Work instructions ▸
Of the entries below, restate word for word only the section that runs from the line with "8. pill bottle [187, 0, 265, 46]" to the line with "1. cutting board: -0.079", counting both ends.

Dataset content ▸
──────

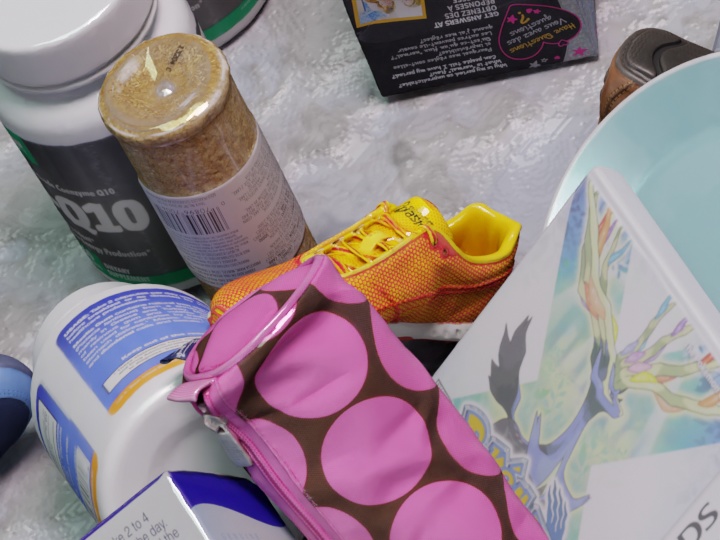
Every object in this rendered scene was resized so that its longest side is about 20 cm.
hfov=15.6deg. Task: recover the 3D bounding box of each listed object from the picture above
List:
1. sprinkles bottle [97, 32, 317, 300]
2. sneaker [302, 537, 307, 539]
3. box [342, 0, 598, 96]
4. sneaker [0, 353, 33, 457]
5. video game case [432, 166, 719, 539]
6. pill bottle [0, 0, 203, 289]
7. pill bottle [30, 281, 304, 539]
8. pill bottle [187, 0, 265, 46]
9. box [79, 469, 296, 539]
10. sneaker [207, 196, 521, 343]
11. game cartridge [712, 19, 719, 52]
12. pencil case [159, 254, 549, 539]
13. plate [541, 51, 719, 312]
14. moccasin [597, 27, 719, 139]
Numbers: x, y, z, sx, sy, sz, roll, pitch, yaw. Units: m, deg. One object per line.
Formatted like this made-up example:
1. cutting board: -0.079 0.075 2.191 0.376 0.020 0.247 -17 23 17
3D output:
1. sprinkles bottle: -0.066 -0.032 1.326 0.068 0.200 0.068 -10 51 13
2. sneaker: 0.004 0.176 1.226 0.088 0.076 0.200 -34 49 -13
3. box: 0.059 -0.215 1.476 0.132 0.115 0.200 -10 53 13
4. sneaker: -0.241 0.124 1.362 0.200 0.074 0.082 -40 49 0
5. video game case: 0.107 0.082 1.224 0.182 0.022 0.200 -54 44 25
6. pill bottle: -0.127 -0.088 1.383 0.113 0.200 0.113 -11 51 14
7. pill bottle: -0.098 0.070 1.289 0.112 0.112 0.200 -35 24 -7
8. pill bottle: -0.131 -0.222 1.497 0.113 0.200 0.113 -11 51 14
9. box: -0.077 0.218 1.129 0.184 0.105 0.200 -39 73 14
10. sneaker: 0.000 0.000 1.292 0.073 0.077 0.200 28 26 33
11. game cartridge: 0.289 -0.142 1.383 0.200 0.041 0.133 3 59 23
12. pencil case: 0.005 0.093 1.166 0.091 0.200 0.094 -24 22 49
13. plate: 0.175 -0.010 1.250 0.200 0.026 0.201 -13 64 29
14. moccasin: 0.211 -0.049 1.317 0.201 0.078 0.074 20 46 12
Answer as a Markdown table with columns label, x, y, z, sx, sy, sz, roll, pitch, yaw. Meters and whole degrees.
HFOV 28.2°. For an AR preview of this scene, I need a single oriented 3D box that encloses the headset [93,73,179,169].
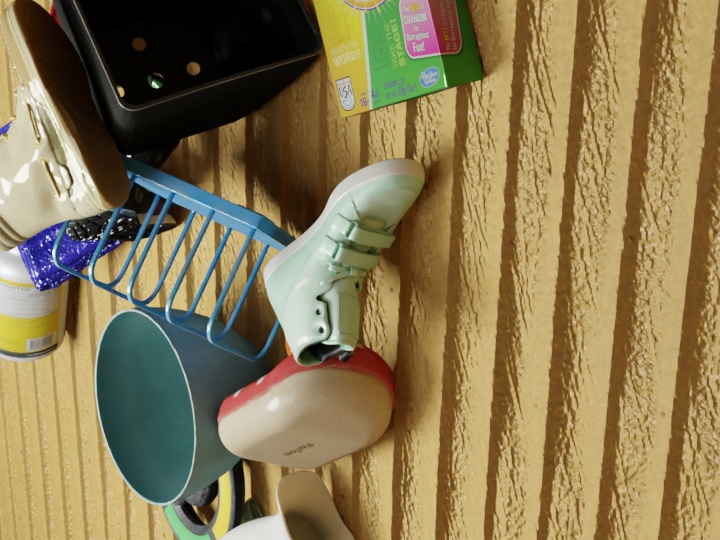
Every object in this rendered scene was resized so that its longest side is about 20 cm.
| label | x | y | z | sx | sy | sz | roll | pitch | yaw |
| --- | --- | --- | --- | --- | --- | --- | --- | --- | --- |
| headset | -0.248 | -0.147 | 1.452 | 0.122 | 0.201 | 0.095 | 18 | 136 | 0 |

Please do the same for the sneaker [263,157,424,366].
| label | x | y | z | sx | sy | sz | roll | pitch | yaw |
| --- | --- | --- | --- | --- | --- | --- | --- | --- | --- |
| sneaker | 0.000 | 0.000 | 1.225 | 0.200 | 0.073 | 0.119 | -44 | 51 | 34 |

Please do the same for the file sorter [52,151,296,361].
| label | x | y | z | sx | sy | sz | roll | pitch | yaw |
| --- | --- | --- | --- | --- | --- | --- | --- | --- | --- |
| file sorter | -0.168 | -0.015 | 1.350 | 0.198 | 0.139 | 0.124 | 24 | 85 | 24 |

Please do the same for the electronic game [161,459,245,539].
| label | x | y | z | sx | sy | sz | roll | pitch | yaw |
| --- | --- | --- | --- | --- | --- | --- | --- | --- | --- |
| electronic game | -0.189 | 0.229 | 1.633 | 0.199 | 0.041 | 0.203 | 18 | 112 | 53 |

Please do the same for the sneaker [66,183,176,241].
| label | x | y | z | sx | sy | sz | roll | pitch | yaw |
| --- | --- | --- | --- | --- | --- | --- | --- | --- | --- |
| sneaker | -0.265 | -0.081 | 1.514 | 0.075 | 0.200 | 0.089 | -17 | 86 | 12 |

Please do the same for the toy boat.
| label | x | y | z | sx | sy | sz | roll | pitch | yaw |
| --- | --- | --- | --- | --- | --- | --- | --- | --- | --- |
| toy boat | -0.049 | 0.105 | 1.360 | 0.200 | 0.129 | 0.132 | -32 | 49 | 54 |

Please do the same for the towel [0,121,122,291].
| label | x | y | z | sx | sy | sz | roll | pitch | yaw |
| --- | --- | --- | --- | --- | --- | --- | --- | --- | --- |
| towel | -0.369 | -0.094 | 1.698 | 0.147 | 0.049 | 0.202 | -32 | 75 | 15 |

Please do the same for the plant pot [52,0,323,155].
| label | x | y | z | sx | sy | sz | roll | pitch | yaw |
| --- | --- | --- | --- | --- | --- | --- | --- | --- | --- |
| plant pot | -0.180 | -0.220 | 1.336 | 0.202 | 0.198 | 0.178 | 64 | 155 | 12 |

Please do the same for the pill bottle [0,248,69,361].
| label | x | y | z | sx | sy | sz | roll | pitch | yaw |
| --- | --- | --- | --- | --- | --- | --- | --- | --- | --- |
| pill bottle | -0.426 | 0.008 | 1.824 | 0.112 | 0.111 | 0.202 | 43 | 135 | 35 |

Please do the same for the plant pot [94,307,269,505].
| label | x | y | z | sx | sy | sz | roll | pitch | yaw |
| --- | --- | --- | --- | --- | --- | --- | --- | --- | --- |
| plant pot | -0.170 | 0.129 | 1.494 | 0.199 | 0.134 | 0.203 | 16 | 110 | 49 |

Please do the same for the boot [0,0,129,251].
| label | x | y | z | sx | sy | sz | roll | pitch | yaw |
| --- | --- | --- | --- | --- | --- | --- | --- | --- | --- |
| boot | -0.311 | -0.128 | 1.296 | 0.154 | 0.073 | 0.202 | -19 | 101 | 27 |

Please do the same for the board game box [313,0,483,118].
| label | x | y | z | sx | sy | sz | roll | pitch | yaw |
| --- | --- | --- | --- | --- | --- | --- | --- | --- | --- |
| board game box | 0.017 | -0.238 | 1.173 | 0.152 | 0.040 | 0.203 | -8 | 97 | 55 |

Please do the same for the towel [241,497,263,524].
| label | x | y | z | sx | sy | sz | roll | pitch | yaw |
| --- | --- | --- | --- | --- | --- | --- | --- | --- | --- |
| towel | -0.136 | 0.364 | 1.648 | 0.200 | 0.023 | 0.154 | -45 | 66 | 52 |

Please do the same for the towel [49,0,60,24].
| label | x | y | z | sx | sy | sz | roll | pitch | yaw |
| --- | --- | --- | --- | --- | --- | --- | --- | --- | --- |
| towel | -0.307 | -0.209 | 1.490 | 0.200 | 0.022 | 0.147 | 110 | 171 | -76 |

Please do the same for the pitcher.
| label | x | y | z | sx | sy | sz | roll | pitch | yaw |
| --- | --- | --- | --- | --- | --- | --- | --- | --- | --- |
| pitcher | -0.075 | 0.327 | 1.475 | 0.172 | 0.121 | 0.200 | 52 | 127 | 12 |
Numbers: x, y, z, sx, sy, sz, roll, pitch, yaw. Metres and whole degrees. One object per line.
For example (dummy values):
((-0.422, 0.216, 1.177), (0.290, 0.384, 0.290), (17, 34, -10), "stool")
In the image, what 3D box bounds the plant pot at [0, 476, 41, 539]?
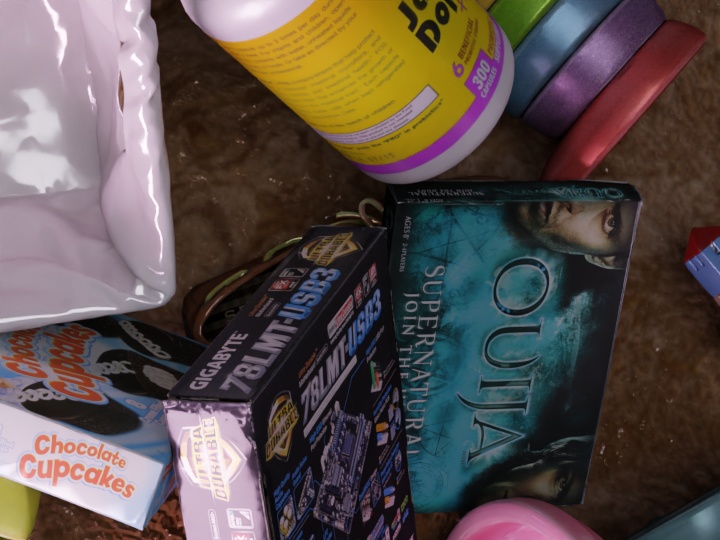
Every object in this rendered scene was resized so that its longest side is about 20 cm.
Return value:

──────

Expected output ▸
8. pill bottle [187, 0, 265, 46]
9. box [79, 469, 296, 539]
10. sneaker [207, 196, 521, 343]
11. game cartridge [712, 19, 719, 52]
12. pencil case [159, 254, 549, 539]
13. plate [541, 51, 719, 312]
14. moccasin [597, 27, 719, 139]
Numbers: x, y, z, sx, sy, sz, roll, pitch, yaw. Units: m, deg. One object per line.
Formatted like this made-up example:
1. cutting board: -0.079 0.075 2.191 0.376 0.020 0.247 -17 23 17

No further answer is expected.